Auditors disagree with the claim that the directors and audit committees make on Going concern, that is directors and audit committees believes that the going concern adjustment is a sign of that they are failing and the business may not be able to operate in the next 12 months and they believe that its just a forecast and may not be true. The auditors view on this is different and they totally disagree with how they were applying it as the standards necessitate taking several factors in to consideration when the audit is taking place, and those factors may result that the entity cannot carry its operation and cast the doubt the entity is no longer a going concern.

Previously auditors does not requires to be satisfied with the management plans nor to forecast whether the plans of Directors are going to be work and the company can carry its business with those plans, but now the auditors have to be satisfied with the management plans and need to go deep in to the areas where they have doubt, and should demand for a plan to overcome with the issues from the management and it should be feasible, but still the auditors can cast a doubt in this stage.
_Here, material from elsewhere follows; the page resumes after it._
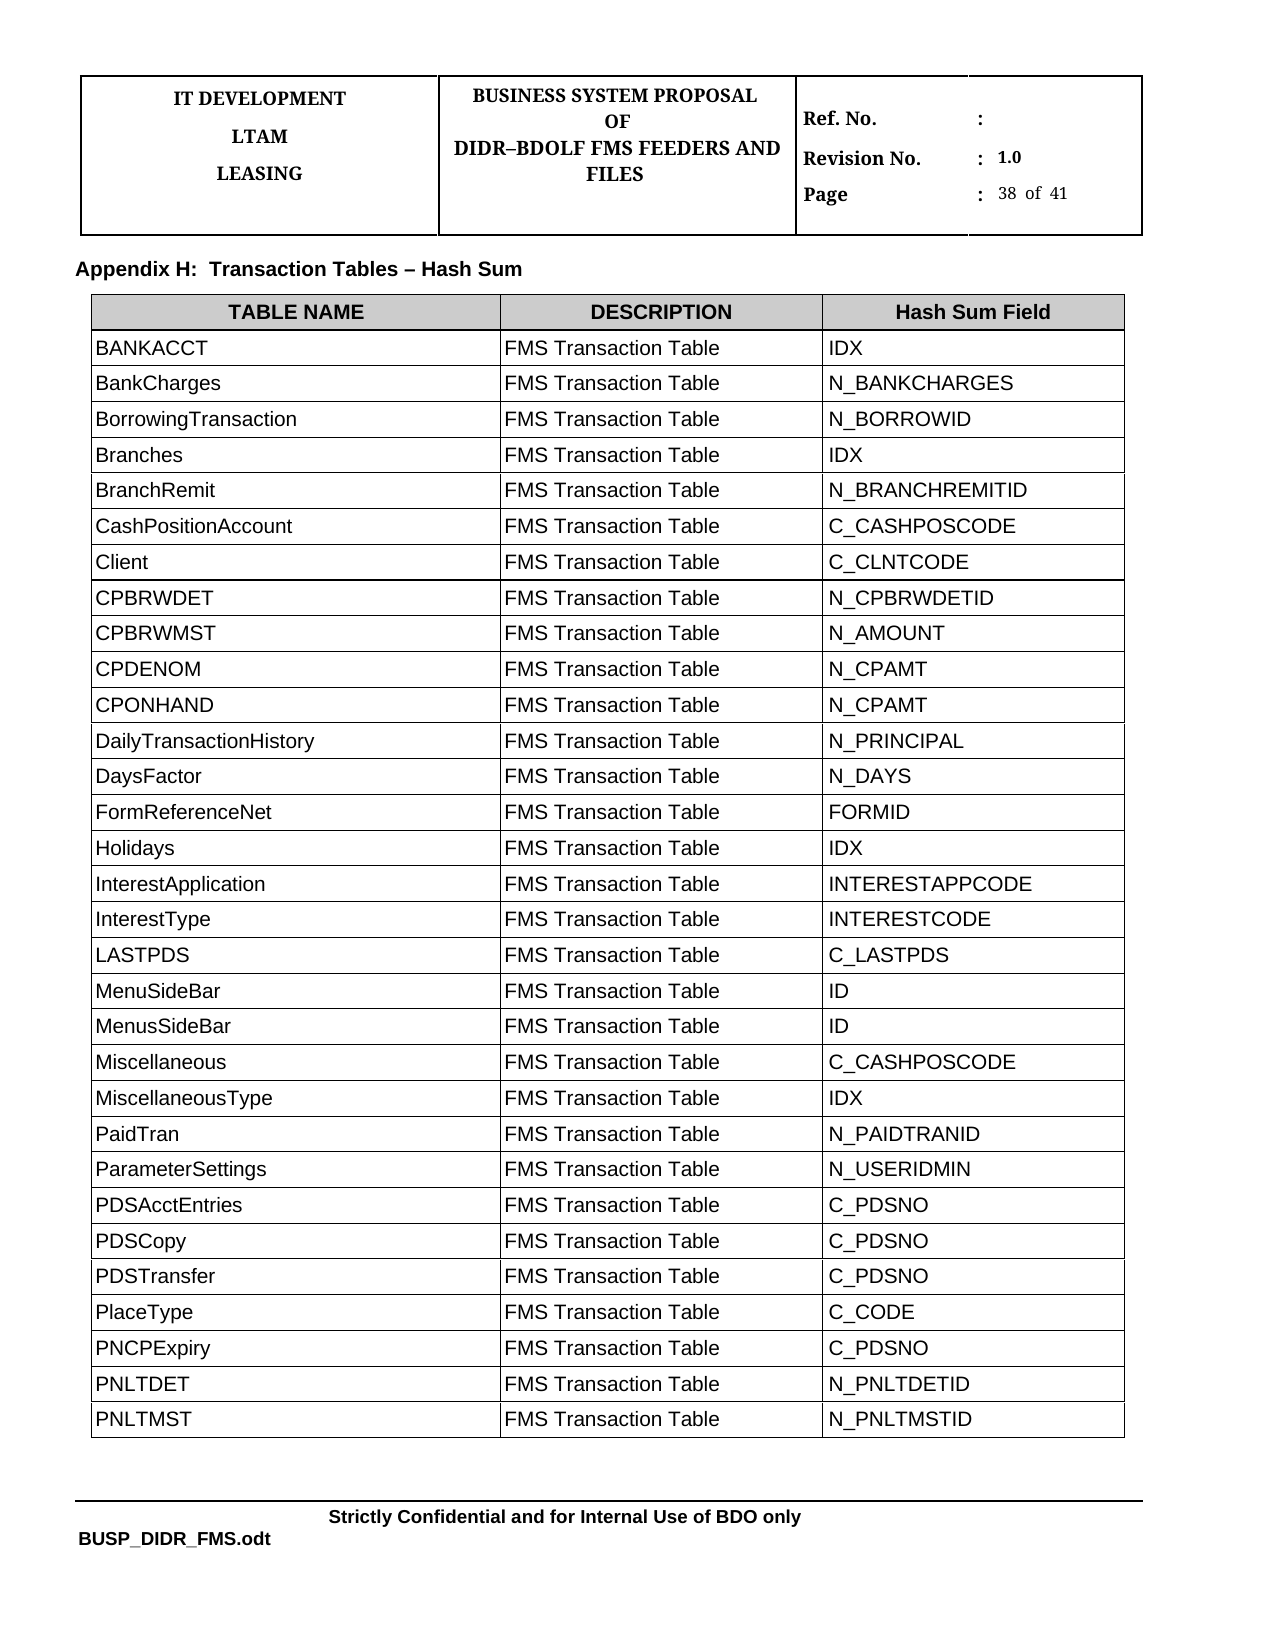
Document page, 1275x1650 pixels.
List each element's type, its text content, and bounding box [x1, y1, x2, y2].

Recently in Singapore, “Auditors of Advanced Systems Automation (ASA) have found indications that the company many not be able to continue business, since the company incurred a net loss of $6.8 million and auditors believed that its survival is dependent on its restructuring plans and financial support from its shareholders. The reason for the auditors doubt the going concern of the ASA was the fact that ASA won’t be able to discharge its liabilities and realize its assets, as current liabilities of  ASA were in excess of its current assets by $25.7 million.(Today Paper 2010)

Though directors testify the entity will be able to continue business for the next 12 months, the auditor needs to analyze various signs that indicate otherwise. Auditors need to test if the business will indeed hold the ground for the next 12 months, procedures on how the  auditor test this has changed over time, now the auditor need to take a lot of factors in to consideration. There are several factors that can indicate that the business may not be a going concern, some of them are, adverse current ratio or trend, excess stocks, excessive debtors, overdrafts in excess of facilities granted, restriction on trading terms, long term loans becoming due with no arrangements for refinance, credit terms taken in excess of agreed terms.